The carrier, however, conceded that the economic environment, both globally and within Australia, "remains uncertain" despite some "encouraging signs of domestic recovery".
easyJet anticipates a long demand recovery time line
easyJet’s shares slipped 4.1% yesterday, as CEO, Andy Harrison, stated he does not forecast any recovery in demand for the next nine months. He added that he expects the LCC to continue to see weaker than usual consumer demand through the Northern Winter.
Mr Harrison added, "I think the worst is over but I don't see any improvement either and expect demand to be stable for the next nine months at least. Winter will be a continuation of what we have seen ... we will see continuing weaker consumer demand”.
easyJet calls for new aviation emissions standards
In other easyJet news, the LCC has called for the introduction of mandatory emission standards for aircraft that would lead to a 40% reduction in CO2 emissions for next generation of aircraft. easyJet, which has an average fleet age of 3.4 years, called for a three step introduction of new legislation, starting with short-haul aircraft where the current aircraft families, the A320 and B737 families, are already over 20 years old. easyJet proposes that:
- By 2015 every new aircraft type would have to meet the standard;
- By 2024 airlines could not add to its fleet any new aircraft that did not meet the standard;
- By 2030 airlines could not operate aircraft that did not meet the standard.

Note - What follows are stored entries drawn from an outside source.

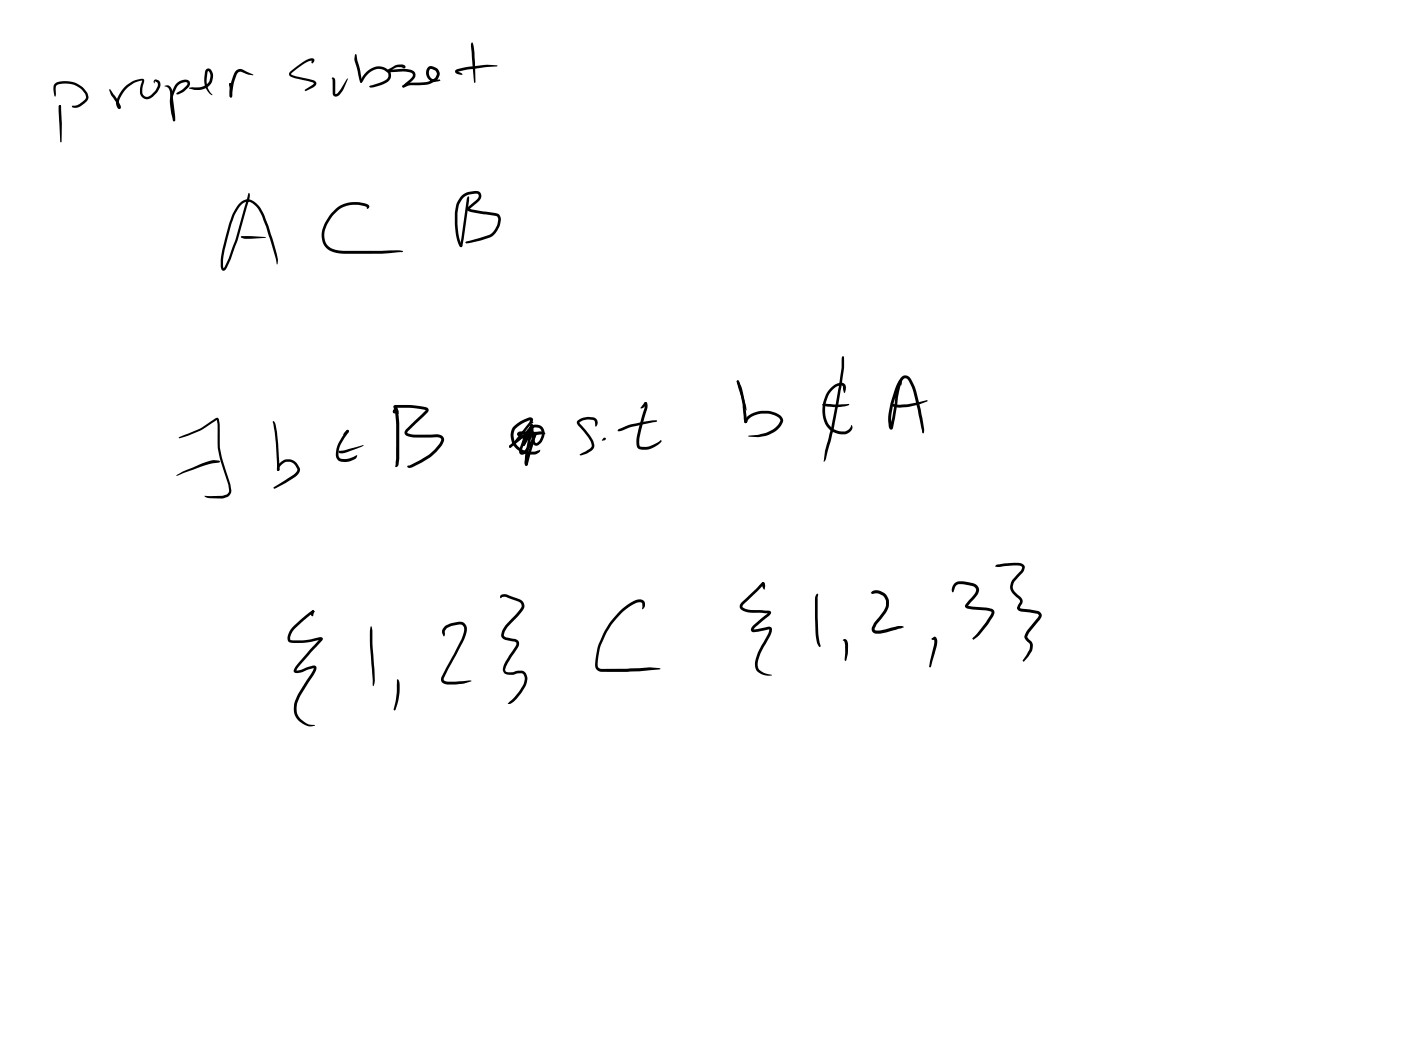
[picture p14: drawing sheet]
<svg xmlns="http://www.w3.org/2000/svg" width="108mm" height="81mm" viewBox="0 0 108 81" stroke-linecap="round" stroke-linejoin="round" font-family="sans-serif">
<g fill="#000">
<path d="M4.2 6.4a1.8 1.8 0 0 1 2.6 1.1l-.1 .3-.5 .4-.4 .1-.3-.1 .6-.2 .5-.3v-.3a1.67 1.67 0 0 0-2.3-.8l-.1 .9-.1-.6zM4.6 8.1l.1 .1v.1zM4.6 8.1h.1l-.1 .2-.1-.1zM4.5 8.1h.2v.1l.1 1.3-.1 1.5zM8.4 6.9h.1l.5 .8a.64 .64 0 0 1 .3 .7 .5 .5 0 0 1-.3-.8 1.94 1.94 0 0 1 2.1-1.5l-.1 .5a.56 .56 0 0 0 .2 .9l.4-.1 .4-.4 .2-.5-.2-.2-.1 .1-.1-.1 .2-.2 .2 .1a.41 .41 0 0 1 .1 .5l-.5 .7a.61 .61 0 0 1-.8 .1 .61 .61 0 0 1-.2-.8l.2-.5h-.1a2.08 2.08 0 0 0-1.7 1.9v.1l-.1 .1zM12.7 6.6h.1a.48 .48 0 0 1 .5 .6l.2 1.7a.27 .27 0 0 1-.2 .4l-.2-2.3-.2-.2zM13.6 6.4l.3-.2 .4-.1 .2 .1 .1 .2v.3l-.3 .3-.6 .3-.1-.1 .5-.4 .3-.3v-.2l-.4 .1a1.21 1.21 0 0 0-.7 1 4.4 4.4 0 0 0 .2 1.8l-.1 .1a2.73 2.73 0 0 1 .2-2.9zM15.9 5.3h.2l.2 .1a1.1 1.1 0 0 1-.2 1.3 1.1 1.1 0 0 1-1.3 .2l-.2-.1 .8-.1 .4-.1a.76 .76 0 0 0 .4-.7l-.2-.4-.1 .5a1.46 1.46 0 0 0 .5 1.3l-.2-.1a1.45 1.45 0 0 1-.5-1.2zM17.7 6.4l.1 .1-.1 .1zM18.2 5.5a.45 .45 0 0 1 .5-.1l.8 .4-1-.3-.2 .1-.3 .8-.1 1-.2 .1a3.4 3.4 0 0 1 .5-2zM17.7 6.4h.1v.1h-.1zM17.7 6.4a.28 .28 0 0 1 .2 .5v.5l-.1 .1-.1-.1z"/>
<path d="M18.5 18.3l.1-.1h.7l1.2 .1-1.6 .1zM19.1 14.9a.23 .23 0 0 1 .1 .4l-.9 3.2-.9 2.2a.24 .24 0 0 1-.3 .1 .24 .24 0 0 1-.1-.3 12.6 12.6 0 0 1 1.1-4.4l.2-.2a.95 .95 0 0 1 .8-.5 .95 .95 0 0 1 .9 .5l.4 .7 .6 1.8a3.2 3.2 0 0 1 .4 1.9h-.1l-.8-2.8-.5-1.3a.92 .92 0 0 0-1.2-.6l-.3 .3a8.9 8.9 0 0 0-1.2 3.5l-.1 .7v.6l1-2.3zM22.4 5.5l.9-.7a1.07 1.07 0 0 1 .8-.3l.1 .1-.1 .3-.1-.1v-.1l-.4 .1-1.2 .9 .4 .2 1.3 .3 .2 .1a.29 .29 0 0 1-.2 .4l-.6 .3v-.1l.7-.5-1.8-.5-.1-.2zM25.6 6a.19 .19 0 0 1 .2 0 .19 .19 0 0 1 0 .2l.1 1h.1l.7-1.1h.1l-.4 .9-.3 .3-.2 .1-.3-.1zM27.4 4.2l.4 1.3 .1 .8-.1 .1-.1-.1-.4-1.7zM28.2 5.6a1.1 1.1 0 0 1 1.9 .1v.4a1.08 1.08 0 0 1-.8 .5l-.6 .1h-.3l1.3-.5a.4 .4 0 0 0 .2-.6h-.1a1.13 1.13 0 0 0-1.8 .5l-.1 .3-.1-.1 .2-.4zM27.8 6.2l.1 .1-.1 .1zM25.8 16.2a2.28 2.28 0 0 1 2.6-.3 .12 .12 0 0 1 0 .2 .14 .14 0 0 1-.2-.2h-.1a2.3 2.3 0 0 0-2.9 1.4 1.6 1.6 0 0 0-.1 1.4 1.41 1.41 0 0 0 1.5 .6h4.1l.4 .1-1.7 .2h-2.5a2.19 2.19 0 0 1-1.8-.5 1.71 1.71 0 0 1 0-2zM29.9 5.4l.4-.3a.76 .76 0 0 1 .9 0v.2l-.2-.1 .1-.1v.1h-.5l-.6 .3v-.1l1-.1a.88 .88 0 0 1 1 .3v.1a.64 .64 0 0 1-.4 .7l-.4 .3h-.2v-.1l.8-.7v-.2l-.1-.1-.6-.1-1.1 .1-.1-.1zM31 6.6l.6-.2 1.4-.1 .4-.2 .2-.1 .1-.4-.2-.2-.4-.1a.52 .52 0 0 0 .4 .8l.4 .1a.68 .68 0 0 1-.9-.1 .68 .68 0 0 1 .1-1l.6 .2 .2 .4a.97 .97 0 0 1-.8 .8l-1.5 .1-.5 .1zM35.5 15.1a1.55 1.55 0 0 1 1.3-.4h.1a.51 .51 0 0 1 .2 .5 .51 .51 0 0 1-.4 .5l-.5 .4 2 .3a.45 .45 0 0 1 .4 .6 1.57 1.57 0 0 1-.9 1.3l-1.5 .4-.3 .1-.1-.1 2-.7a1.51 1.51 0 0 0 .6-1.1l-.1-.2-1.9-.3a.29 .29 0 0 1-.3-.1 .29 .29 0 0 1-.1-.3l.6-.5a.37 .37 0 0 0 .2-.5l-.2-.1a1.19 1.19 0 0 0-1.3 1 5.8 5.8 0 0 0 .3 2.9v.1a.12 .12 0 0 1-.1 .1 .12 .12 0 0 1-.1-.1 5.9 5.9 0 0 1-.2-3.2zM35.5 18.9h.1l-.1 .1-.1-.1z"/>
<path d="M35.1 5.4l.6-.2 .8-.1a4.2 4.2 0 0 1 1.8 0l-3 .4a.22 .22 0 0 1 .3 .3l-.3-.1a.2 .2 0 0 1-.2-.3zM36 15.2h.2l-.1 .3-.5 3.4a.12 .12 0 0 1 0 .1 .12 .12 0 0 1-.2-.1zM36.3 3.3h.1l.2 .8v2.3zM13.8 33.7l1.6-.7 1.3-.8 .1 .1 .1 .4a8.5 8.5 0 0 0 .7 4.1l.1 .5a.73 .73 0 0 1-.1 1l-.5 .1h-1.1l-.2-.2h1.3l.4-.1 .2-.2-.1-.5a9.5 9.5 0 0 1-.8-3.8l-.1-1.3-1.3 .9-1.1 .4-.5 .2zM13.6 36.6l2.4-1 .5-.1 .5 .1-1.1 .2-2.1 .8zM21 32.5h.1l.1 .1 .1 .7 .2 2.5v.4l-.1 .1-.1-.1v-2.1zM21.5 35.7a.9 .9 0 0 1 1.6 .3v.3a1.47 1.47 0 0 1-.8 .7l-1.1 .6h-.1l.8-.5a2.05 2.05 0 0 0 1-.8l-.1-.4-.4-.3a.73 .73 0 0 0-.9 .4v.3a.19 .19 0 0 1-.2-.2 .19 .19 0 0 1 .1-.2zM21.4 36.1h.1v.2h-.1zM26.1 34.8l1.9-.5-1.2 .5a.51 .51 0 0 1-.7 0zM26.7 33.1h.2v.2l-.4 .2zM26.7 33.2l.2-.1v.2l-.7 1.1a.78 .78 0 0 0 0 .9l.6 .1 .7-.3v.2l-.2 .1a1.46 1.46 0 0 1-1.1 .2l-.1-.1a.8 .8 0 0 1-.1-1zM30.4 31.4l.2-.1v.3a.17 .17 0 0 1-.1 .3 .17 .17 0 0 1-.2-.2l.1-.1 .1 .1h-.2z"/>
<path d="M30.4 31.3a.25 .25 0 0 1 .3 .4l.1 1v2.6l-.1 .6-.2 .1-.1-.1 .1-.6v-2.6zM30.3 31.3l1.1-.1a2.88 2.88 0 0 1 1.6 .3v.1v.2l-1.6 1.6 .5 .1h1.9l.3 .2 .1 .3a3 3 0 0 1-1.7 1.6l-.8 .4h-.3v-.1h.2a6.1 6.1 0 0 0 2.2-1.7l.2-.3-.2-.2h-1.8a.76 .76 0 0 1-.8-.3l.1-.3 1.5-1.5-1.1-.2h-1.2v-.1l.2 .4v.2l-.3-.4zM39.3 34.3l.9-.8a.2 .2 0 0 1 .3-.1 .2 .2 0 0 1 0 .3l-.3 1.1h.2l.2-.3 .5-1.1h.1l.1 .1-.5 1.1-.4 .4h-.3l-.1-.2 .4-1.2-1 .9h-.2zM40.9 32.7h.1l.1 .1v.7l.2 .6 .2-.1 .2-.4a.47 .47 0 0 0 0-.5 .47 .47 0 0 0-.6-.1 1.25 1.25 0 0 0-.7 1.1 .93 .93 0 0 1 .3-1.1 .93 .93 0 0 1 1.1-.1 .98 .98 0 0 1-.4 1.4h-.3l-.1-.3-.1-1.2h.2l-.7 1.5-.1 .1-.1-.1zM40.3 34.2h.1v.1l-.1 .1zM40.9 33.2l.1-.1 .1 .2-.4 1.4v1.1l-.2 .1-.1-.2 .1-.6 .2-1.3zM39.9 33.3l.2-.1h1.6l.2 .1 .1 .1-1.2 .1h-.7l-.1-.1 .3 .2 .5 .1-.5 .1-.4-.3zM39.6 32.9l.4-.4a1.27 1.27 0 0 1 1-.3l.1 .1-.1 .3-.2-.1v-.2l-.4 .3a1.1 1.1 0 0 0-.8 1 1.1 1.1 0 0 0 .7 1.1l.9 .1 .4-.1-.1 .2a1.54 1.54 0 0 1-1.8-.4 1.32 1.32 0 0 1-.1-1.6zM40.7 32.6l.2-.1h.2l-1.4 1.7-.3 .3h-.2l.1-.2 .3-.3zM40.9 33.2l.1-.1a.24 .24 0 0 1-.1 .4l-.4 .8h-.2l.2-.5zM41.2 33.4h.1v.1l-.6 2.3-.1 .1-.2-.1zM44.5 32.4l.3-.2 .5-.1 .5 .1 .2 .1 .1 .3-.2 .3-.1-.4-.1-.1h-.7l-.4 .2 .9 1 .2 .4 .1 .4a.79 .79 0 0 1-.7 .6l-.3 .1-.1-.1 .8-.5 .1-.2-.1-.2-.2-.4-.8-1z"/>
<path d="M46.5 33.7h.2l-.1 .2-.2 .1zM47.6 33.1l1-.4 1.7-.3h.3l-1.9 .5-.9 .3h-.2zM49.7 31h.1v.2l-.2 .2-.2 .1zM49.7 31a.51 .51 0 0 1 .1 .7l-.5 2.1v.6h.2a1.8 1.8 0 0 0 1.3-.4l.1-.1 .1 .1a1.82 1.82 0 0 1-1.4 .7l-.2-.1a.47 .47 0 0 1-.4-.6l.2-.8 .5-1.8zM56.8 29.3h.1a3.7 3.7 0 0 1 .5 1.9l.2 1.3-.1 .1-.2-.1-.1-1.5zM57.6 32.1a1.97 1.97 0 0 1 2.7 .2v.2a1.75 1.75 0 0 1-1.2 1.1l-.7 .1-.8-.1 .9-.1a2.11 2.11 0 0 0 1.6-1v-.1l-.1-.2a1.88 1.88 0 0 0-2.4 .2l-.1 .2h-.1v-.2zM56.8 29.3l.1 .1 .6 1.9v.3l-.6-1.6zM63.4 31.1h2v.1a3.7 3.7 0 0 1-1.7 .1l-.3-.1zM64.9 27.5h.1v.2zM64.9 27.5h.1v.1h-.1zM64 29.9a.78 .78 0 0 1 1.1-.3l.1 .3-.1 .4-.2-.5-.1-.1a1.36 1.36 0 0 0-1.1 1 1.9 1.9 0 0 0 .6 2.4l.4 .1h.4l.3-.1 .2-.3a.11 .11 0 0 1 .1 .1 .11 .11 0 0 1 0 .1l-.2 .2-.3 .2a1.6 1.6 0 0 1-1.2-.2 2.42 2.42 0 0 1 0-3.3zM64.9 27.5h.1v.8l-.2 1.5-.6 3.3-.6 2.3-.1 .2 .1-.9 .4-1.7 .6-3.2z"/>
<path d="M68.8 31.2h.1v.1zM68.8 31.2h1.1l1.5-.4 .1 .1-.7 .3-.9 .2h-.7l-.4-.1zM68.8 31.2h.1v.1h-.1zM69.3 29.3h.1l.1 .1-.1 .3zM69.5 29l.3-.1a.57 .57 0 0 1 .4 .4l.3 .7 .4 1.5 .3 1.6-.1 .3-.8-3.5-.4-.7-.2-.1-.2 .2a6.6 6.6 0 0 0-.8 3.3v.3h-.1l.5-2.8 .2-.7 .1-.1 .1 .1-.7 3.5a.19 .19 0 0 1-.2 .2 .19 .19 0 0 1-.1-.3 6.6 6.6 0 0 1 .8-3.6zM24 47.1l.1-.1 .1 .1-.1 .3a.11 .11 0 0 1-.1 0 .11 .11 0 0 1 0-.1zM22.6 48.3l1.1-1a.49 .49 0 0 1 .5-.2v.1l-1.6 1.4-.2 .4v.3a5.2 5.2 0 0 0 2.2-.2 .18 .18 0 0 1 .2 0 .18 .18 0 0 1 0 .3l-2 2.3 .4-.1 .9-.3a.27 .27 0 0 1 .3 .2 .27 .27 0 0 1-.1 .3l-.2 .3a7.2 7.2 0 0 0-1.2 2.1v.1a1.16 1.16 0 0 0 .6 1.3l.3 .2 .4 .1a1.36 1.36 0 0 1-1.5-1.6v-.3a8.8 8.8 0 0 1 1.4-2.2l.1-.3-.8 .2a.6 .6 0 0 1-.8 0l.2-.4 1.9-2.1v.1h-.1a5.6 5.6 0 0 1-2.2 .2 .5 .5 0 0 1-.1-.8zM28.6 48.3l.1 .3 .2 3.8a.32 .32 0 0 1-.2 .5l-.2-3.2zM30.6 52.4v-.1a2.94 2.94 0 0 1 0 2l-.2 .5-.1-.1 .3-1.3zM34.3 48.3l.4-.3 .7-.1a.62 .62 0 0 1 .6 .4 .62 .62 0 0 1-.1 .6l-1.7 3.4v.1l.3 .1h1.8h-.1a4.6 4.6 0 0 1-1.8 .2 .38 .38 0 0 1-.4-.5l.9-1.6a5.2 5.2 0 0 0 .9-2.1l-.2-.4-.8 .1-.4 .2-.2 .6-.1-.1a.49 .49 0 0 1 .2-.6zM38.6 45.9l.5-.1 1 .4 .2 .2a.57 .57 0 0 1-.1 .8l-1.1 1.1-.3 .6 .2 .2 .8 .2a.41 .41 0 0 1 .1 .7l-.8 1-.2 .6 .1 .2h.2l1.1-.1 .2 .2 .1 .4a2.68 2.68 0 0 1-1.3 1.9h-.2l.1-.1a4.2 4.2 0 0 0 1.2-1.4v-.5l-.1-.3-1.1 .1-.3-.1-.1-.1-.1-.2 .2-.4 .9-1.6-.2-.2-.7-.1-.3-.4 .1-.3 .2-.4 1.1-1.2 .2-.4-.2-.2-1-.4h-.3l-.1 .1zM47.8 47a2.08 2.08 0 0 1 1.6-.8h.1a.38 .38 0 0 1 .2 .5l-.2 .3v-.5l-.1-.1a2.02 2.02 0 0 0-1.5 .8 5.3 5.3 0 0 0-1.8 4.2l.3 .1h2.8a2.72 2.72 0 0 1 1.7 0l-.1 .1-2.5 .2-2.2-.1a.59 .59 0 0 1-.2-.7 6.3 6.3 0 0 1 1.9-4z"/>
<path d="M57.2 46.4l1.4-1.4a.15 .15 0 0 1 .2-.1 .15 .15 0 0 1 .1 .1l-1.7 1.7 .5 .3 1.4 .1a.24 .24 0 0 1 .3 .1 .24 .24 0 0 1-.2 .3l-1.1 1 1.2-.2a.3 .3 0 0 1 .2 .2 .3 .3 0 0 1-.1 .3l-1 2a.81 .81 0 0 0 .8 1.2h.3a.93 .93 0 0 1-1.3-1l.2-.7 .8-1.5 .1-.3-1.3 .2a.3 .3 0 0 1-.1-.3 .3 .3 0 0 1 .2-.2l1.1-1v.1l-.9-.1a1.53 1.53 0 0 1-1.2-.3l-.1-.2zM58.7 44.9l.1-.1 .1 .2v.4l-.2-.2zM62.9 45.8h.1v1.8l.1 1.3 .1 .9v.1l-.3-.4-.1-.8v-2.6zM64.9 49.3a.28 .28 0 0 1 .4 0 .28 .28 0 0 1 0 .4v.7l-.2 .5v-1.2v-.3zM67.2 45.6a1.01 1.01 0 0 1 1.2 .4 1.01 1.01 0 0 1-.2 1.3l-.6 .8-.2 .4 .4 .1 1.4-.4 .4 .1-.5 .2a3.6 3.6 0 0 1-1.6 .3l-.3-.1v-.3l.2-.4 .6-.8a.82 .82 0 0 0 .3-1 .82 .82 0 0 0-.9-.5l-.2 .1-.1-.1zM71.8 49.2l.1-.1a.31 .31 0 0 1 .3 .1 .31 .31 0 0 1 0 .4l-.5 1.8h-.1l.4-1.8-.1-.3h.2h-.3zM73.5 45a1.77 1.77 0 0 1 1.9 .2 .83 .83 0 0 1-.4 1l-.4 .5 1.4 .1 .6 .2v.3l-.3 .5a4.2 4.2 0 0 1-1.1 1.4l-.2 .1-.1-.1 1.1-1.2 .4-.8-.4-.2-1.3-.1a.24 .24 0 0 1-.3-.1 .24 .24 0 0 1 0-.2l.3-.3a1.22 1.22 0 0 0 .5-.9v-.1a1.72 1.72 0 0 0-1.3-.3l-.3 .2-.2 .5a.6 .6 0 0 1 .1-.7zM76.7 43.5l1.4-.1a.71 .71 0 0 1 .9 .2l-.2 .5-.7 .9a.57 .57 0 0 0 .2 .7l.5 .6-.2 .6 1.4 .2a.43 .43 0 0 1 .3 .4 .43 .43 0 0 1-.3 .4l-.9 1.2 .4 .4 .1 .5-.3 .5-.4 .5-.1-.1 .5-.8 .1-.3-.1-.2-.3-.4v-.2l.2-.4 .8-1.2v-.1l-1.5-.2a.31 .31 0 0 1-.2-.3 .31 .31 0 0 1 .2-.3l.1-.2-.3-.3a.9 .9 0 0 1-.2-1.4l.6-.6v-.3l-.6-.1-1.4 .1z"/>
<circle cx="13.4" cy="9.3" r=".09"/>
<circle cx="30.5" cy="31.4" r=".12"/>
<circle cx="39.3" cy="34.4" r=".09"/>
<circle cx="40.6" cy="35.8" r=".11"/>
<circle cx="41.2" cy="33.5" r=".11"/>
<circle cx="57.5" cy="32.5" r=".11"/>
<circle cx="24.1" cy="47.1" r=".11"/>
</g>
</svg>

Irish Government tourism tax results in EUR482 million revenue loss and 1.2 million pax reduction
Ryanair’s shares were also lower yesterday, down 3.9%, after the carrier, in conjunction with Aer Lingus and Cityjet, released a report that stated the EUR10 tourism tax imposed by the Irish Government has resulted in revenue losses of EUR482 million, up to 3,000 lost jobs and 1.2 million less departing passengers, while generating EUR116 million in tax revenue in first year.
The report, commissioned by the carriers, from Amsterdam Aviation Economics, found that the Irish airlines have absorbed most of the tax and have been forced to reduce capacity and move aircraft to bases outside Ireland as a direct result of the imposition of the tax.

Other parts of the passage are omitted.